HC Deb 09 March 1882 vol 267 cc452-4

asked the Under Secretary of State for Foreign Affairs, Whether, considering the important and difficult questions regarding the treatment of the Indian Coolies in the French Colony of Reunion which have occurred for several years past, and are now pending, Her Majesty's Government is represented in Reunion by an officer who has special qualifications for dealing with these Coolie questions, including a knowledge of the language and habits of the Coolies; and, whether the British Consul was responsible for the protection of the British subjects despatched from Reunion, in the Coolie ship "Francis," which put into the Seychelles in October last leaky, overloaded, and without hospital accommodation?
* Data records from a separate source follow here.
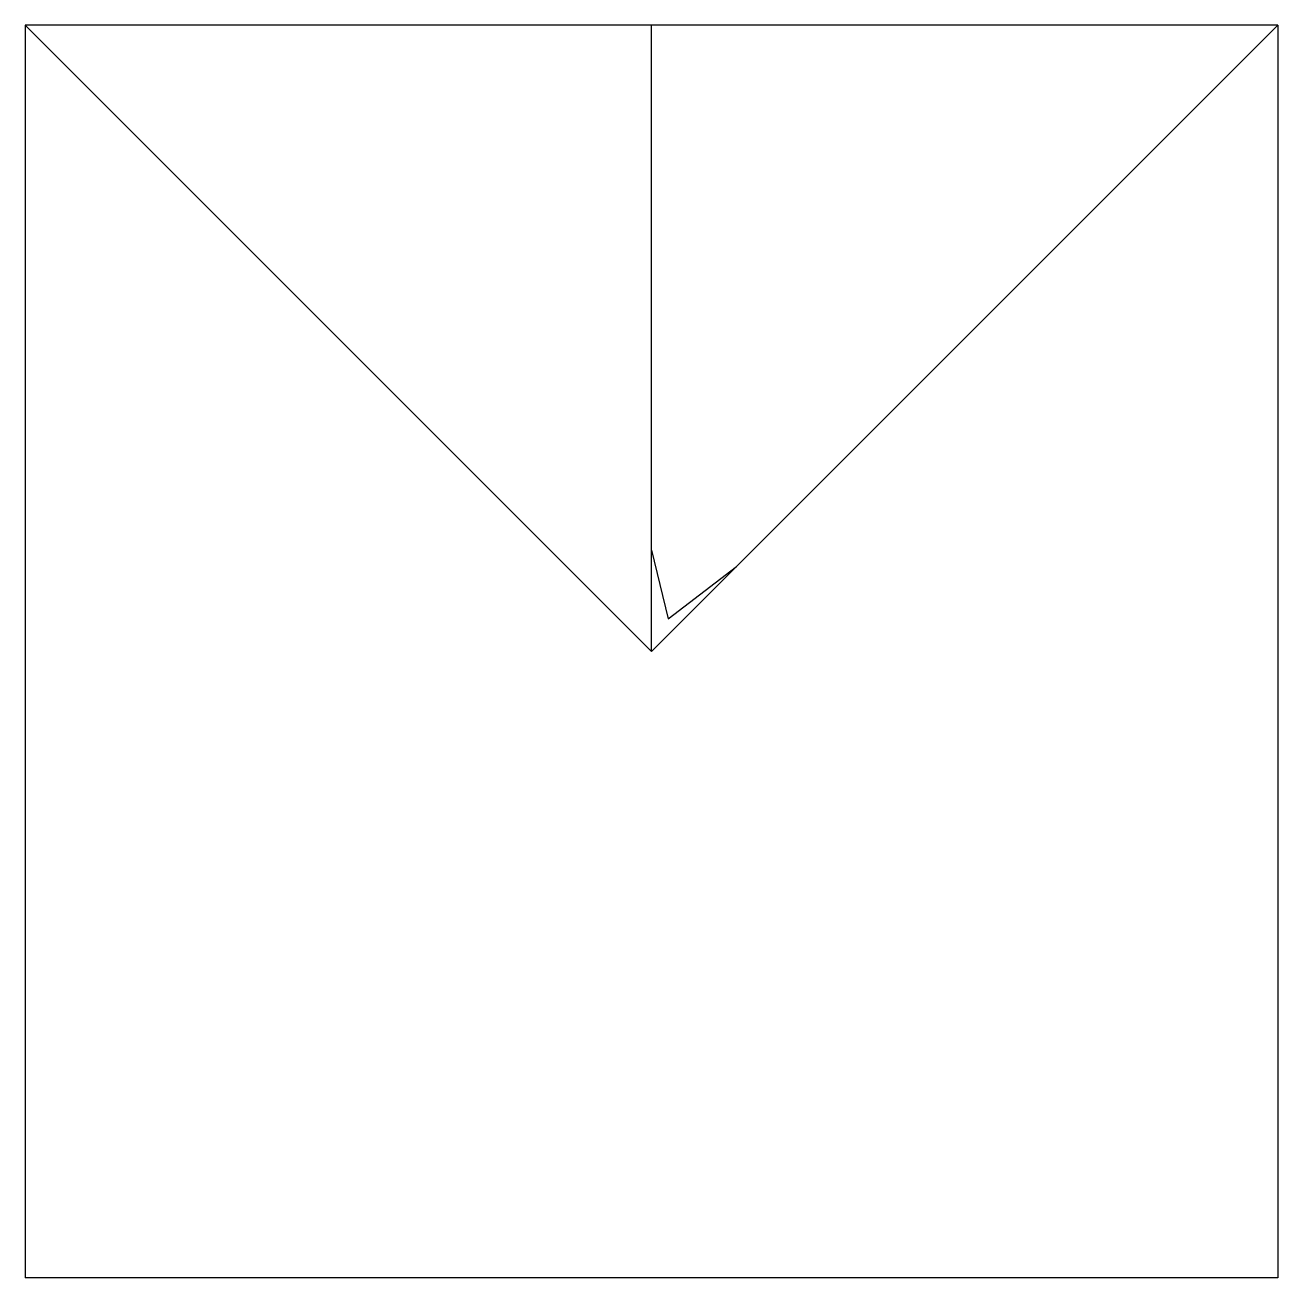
# Model space of a CAD drawing. Header units: millimetres. Extents: x -50 to 50, y -50 to 50.
import ezdxf

# ---------------------------------------------------------------- set-up
doc = ezdxf.new("R2010")
doc.units = ezdxf.units.MM

msp = doc.modelspace()

# ---------------------------------------------------------------- linework, layer by layer
for p, q in [((50, 50), (-50, 50)), ((-50, 50), (-50, -50)), ((-50, 50), (0, 0)), ((0, 0), (50, 50)), ((0, 0), (0, 50)), ((50, 50), (50, -50)), ((0, 8.079364), (1.32344, 2.606185)), ((1.32344, 2.606185), (6.796575, 6.796575)), ((50, -50), (-50, -50))]:
    msp.add_line(p, q)

doc.saveas('drawing.dxf')

Sir, Mr. Annesley, Her Majesty's Consul at Réunion, was appointed in 1878, and should be familiar with the habits of the Coolies. It is not known whether he personally has a knowledge of Hindostani; but there is, at least, one interpreter attached to the Consulate for the especial benefit of Indian immigrants. The immigration of Coolies to Reunion is, for the time being, virtually stopped by the Indian Government pending a more satisfactory understanding than at present exists with the French Government as to their treatment. As regards the second portion of the hon. Member's Question, Consul Annesley reported, on the 27th of September last, that he had visited the ship Francis previous to her departure, and added— I inspected and questioned these immigrants individually before their embarkation, and, in reply to all my inquiries, they declared that they had no complaints to make, and they appeared well satisfied to leave this Colony. Consul Annesley makes no reference in his despatch to the ship being overloaded or wanting hospital accommodation, and was, of course, not qualified to pronounce any opinion as to the seaworthiness of the vessel.


asked the Secretary of State for India, If he has ascertained the circumstances of the Coolie ship "Francis," from Reunion, which put into the Seychelles in October last in distress; and, whether it is true that in an unsafe vessel of three hundred and fifty tons were packed four hundred and ten human beings; that there was no hospital, insufficient and improper food, and very little medicine; and that the people were landed in the Seychelles in a state of great suffering and destitution; that another vessel, the "St. Jaques," sent for them, also proved insufficient, and that further delay, suffering, and mortality, were occasioned?


Sir, I have received full information as to the circumstances of the voyage of the Francis with Coolies from Reunion, which vessel put into the Seychelles in distress. The Francis is of 330 tons, and when she sailed from Reunion had on board about 410 souls, including her crew and Indian return Coolies officially entered as representing 367 statute adults. The customary official inspections of the vessel were held at Reunion, and reported to the British Consul there, who made the usual inspection of the Coolies before embarkation. In the Reports of these inspections there was nothing which indicated that more Coolies than the French law allowed were despatched. The ship, when eight days out, sprung a leak, and had to put into the Seychelles, where the Coolies were landed on the 10th. Meanwhile, three deaths had occurred on board, and five more happened on shore. The emigrants complained to the British Chief Commissioner of the Seychelles that the food, space, and medical attendance on board the Francis had been insufficient and bad; and some of them looked ill and in an unsatisfactory condition. They seem to have been neglected by the French, who were in charge of them on first landing at the Seychelles, and much sickness prevailed among them. After attention had been called to their condition, however, all care seems to have been taken of them; and about five weeks after reaching the Seychelles they all—except 67 of them—again embarked on board the St. Jaques, a vessel of 390 tons, sent by the Reunion Government to take on the Coolies ex Francis, which ship was unable to continue her voyage. The St. Jaques reached India in due course, and the Indian Government have reported well of the treatment of the Coolies on board of her. The 67 Coolies detained were prevented by the Chief Commissioner from embarking on the St. Jaques, that officer considering that, according to the terms of the Coolie Convention of 1861 with France, there was not room for them in the St. Jaques. Eventually, shortly after the sailing of the St. Jaques, the 67 who had been detained were despatched to India by the Mauritius Government in a ship chartered for the purpose. Various questions, suggested by the case of these Coolies who sailed from Reunion in the Francis, are still under consideration in the Indian Office, the Colonial Office, and the Foreign Office.